Over the millennia, the wisdom-keepers and sages have reminded us that just as there are cycles in the physical world that parallel the Earth’s natural cycles, so too is there a parallel between the Earth’s seasons and the seasons of the soul. The following is a brief overview.
The Centering Process (Autumn): A time to go within and focus on the Self. It is a time of soul-searching and self-reflection where one quiets the mind to calm the soul. It is a time to unplug from the external world and turn inward…taking time to be still. The Centering Process is a time to “Enter the Heart.”
The Emptying Process (Winter): This is a time to release, let go, and detach from thoughts, attitudes, beliefs, and perceptions, which at one time may have served us, but now only hold us back. Only when room has been made by this cleansing process may new insights and wisdom be revealed.
The Grounding Process (Spring): A time to seek and process the answers to life’s problems and challenges that come to us. The grounding process is the “vision” of the vision quest. Remember, Nature abhors a vacuum. The grounding process is time to access our intuition and perhaps even attain a glimmer of enlightenment in preparation for the next stage (season) of our life journey.
The Connecting Process (Summer): A season when we come back “home” to our community and share what we have learned on the leg of our most recent experience and the wisdom gained from the grounding process. The Connecting Process is based on the premise of love — nurturing our connections with friends, family, acquaintances (even strangers). As such, the Connecting Process is a time of celebration.
Among nearly all languages and cultures, the words spirit, wind, and breath are used synonymously; a means to represent a flow of energy. For spirit to stay healthy it must move or flow. When the flow of spirit is halted, it becomes toxic. For this reason we are reminded not to remain too long in any one season but to move gracefully through each, for there are many revolutions in this spiritual cycle of the seasons.
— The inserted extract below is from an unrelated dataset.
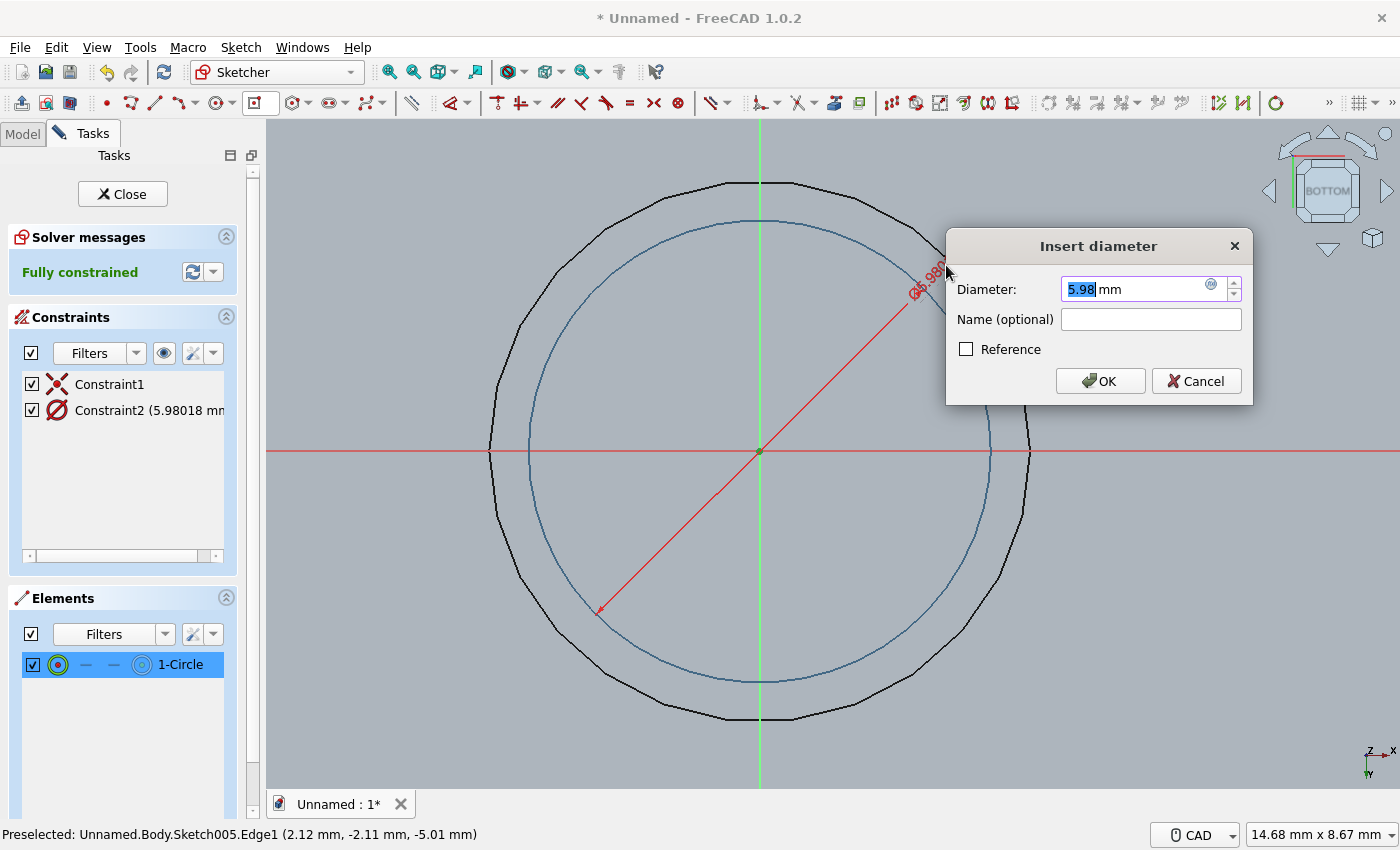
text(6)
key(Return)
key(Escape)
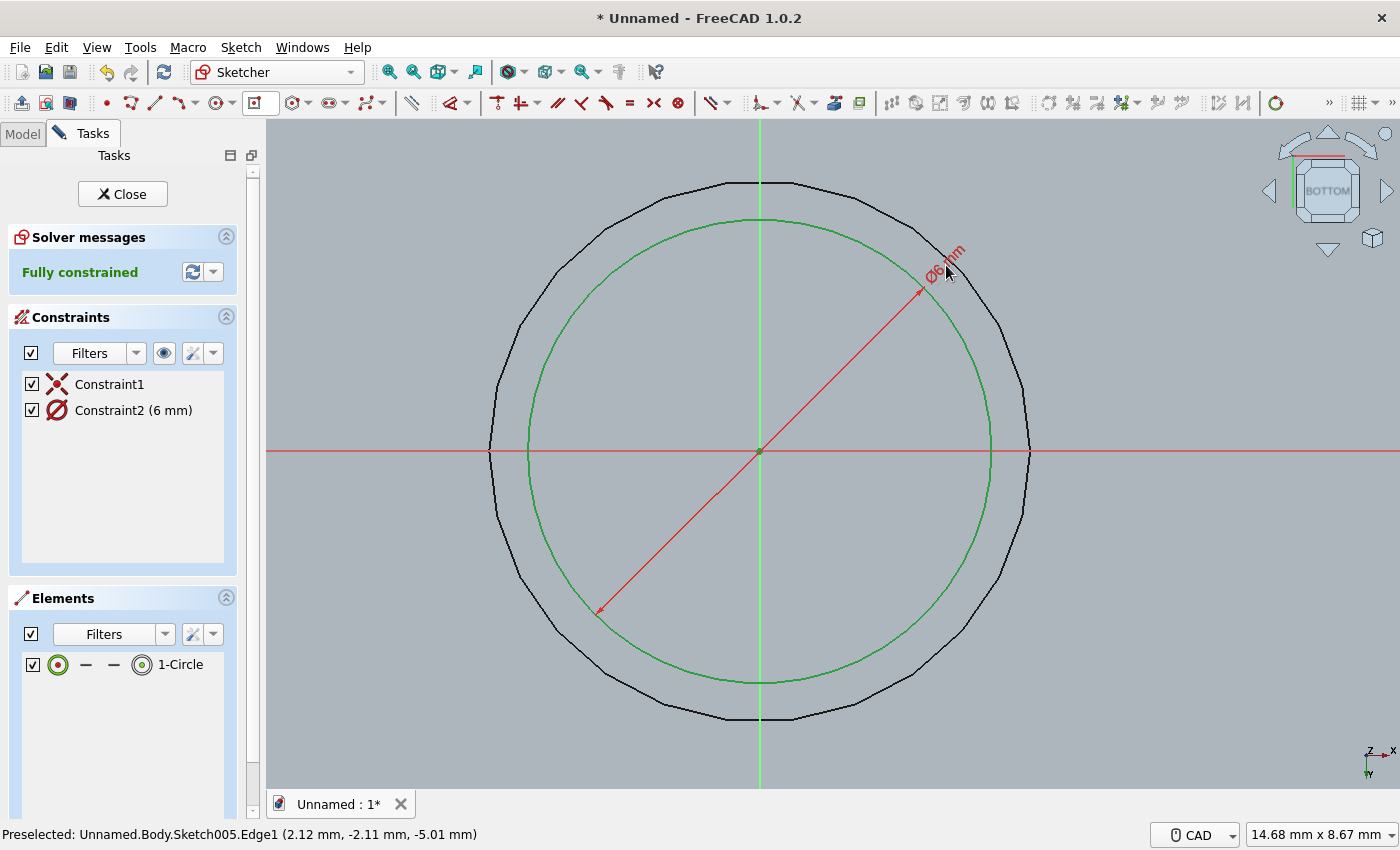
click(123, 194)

The Emptying Process Revisited
Of these four seasons of the soul, it is the emptying process that is most feared and, hence, often avoided; mostly due to our perceived pain of separation or disconnection. The emptying process goes by several names, most notably, the Dark Night of the Soul and the Winter of Discontent, both of which are the antithesis of happiness.
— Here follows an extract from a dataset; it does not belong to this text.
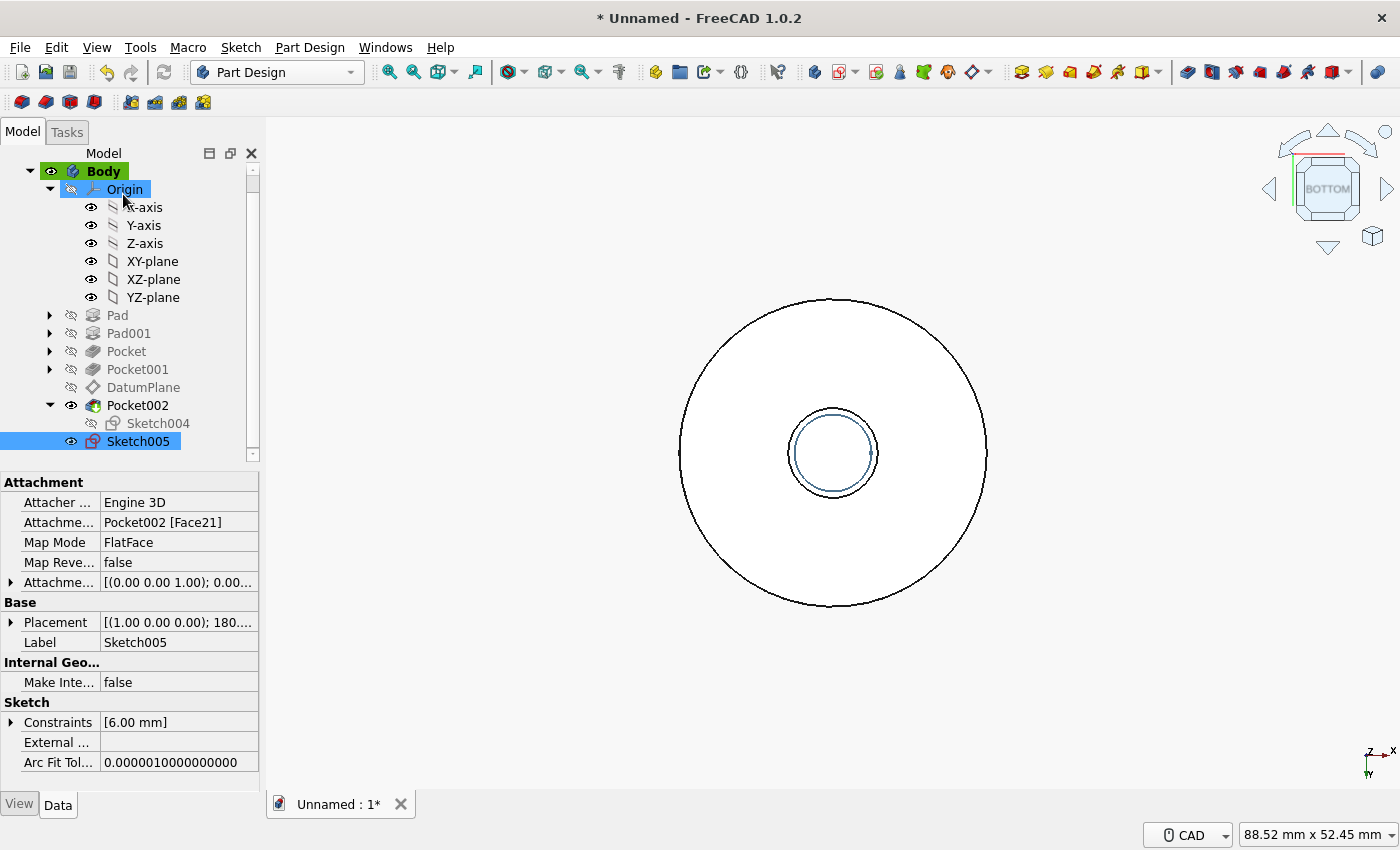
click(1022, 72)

Described by many people as the abyss or the void, most people make a habit of avoiding it. Still others teeter on the edge, frozen with fear. The end result is a case of spiritual constipation or toxicity to the soul. For spirit to be vibrant, it must keep moving. Ultimately, the emptying process is neither an abyss nor a void; it is the womb of creation. Simply stated, the emptying process is a cleansing that creates a silence in the stillness that the soul needs for rejuvenation. Once cleansed, we may move forward gracefully on our journey. Ironically, rather than emptying, in the nature of human addictions, the common response is to fill the void with material possessions or behaviors that act as a quick fix to appease, if not seek that eternal moment of happiness. Can there be happiness in the emptiness? As one crosses the threshold from winter to spring, the realization of cleansing and releasing the old thoughts, attitudes, perceptions, and beliefs that at one time may have served us is more than blissful – it’s liberating.
Kluger, J., The Happiness of Pursuit. TIME. July 8, 2013.
Seaward, B.L., Stand Like Mountain, Flow Like Water: Reflections on Stress and Human Spirituality. HCI. Deerfield Beach, FL. 2007.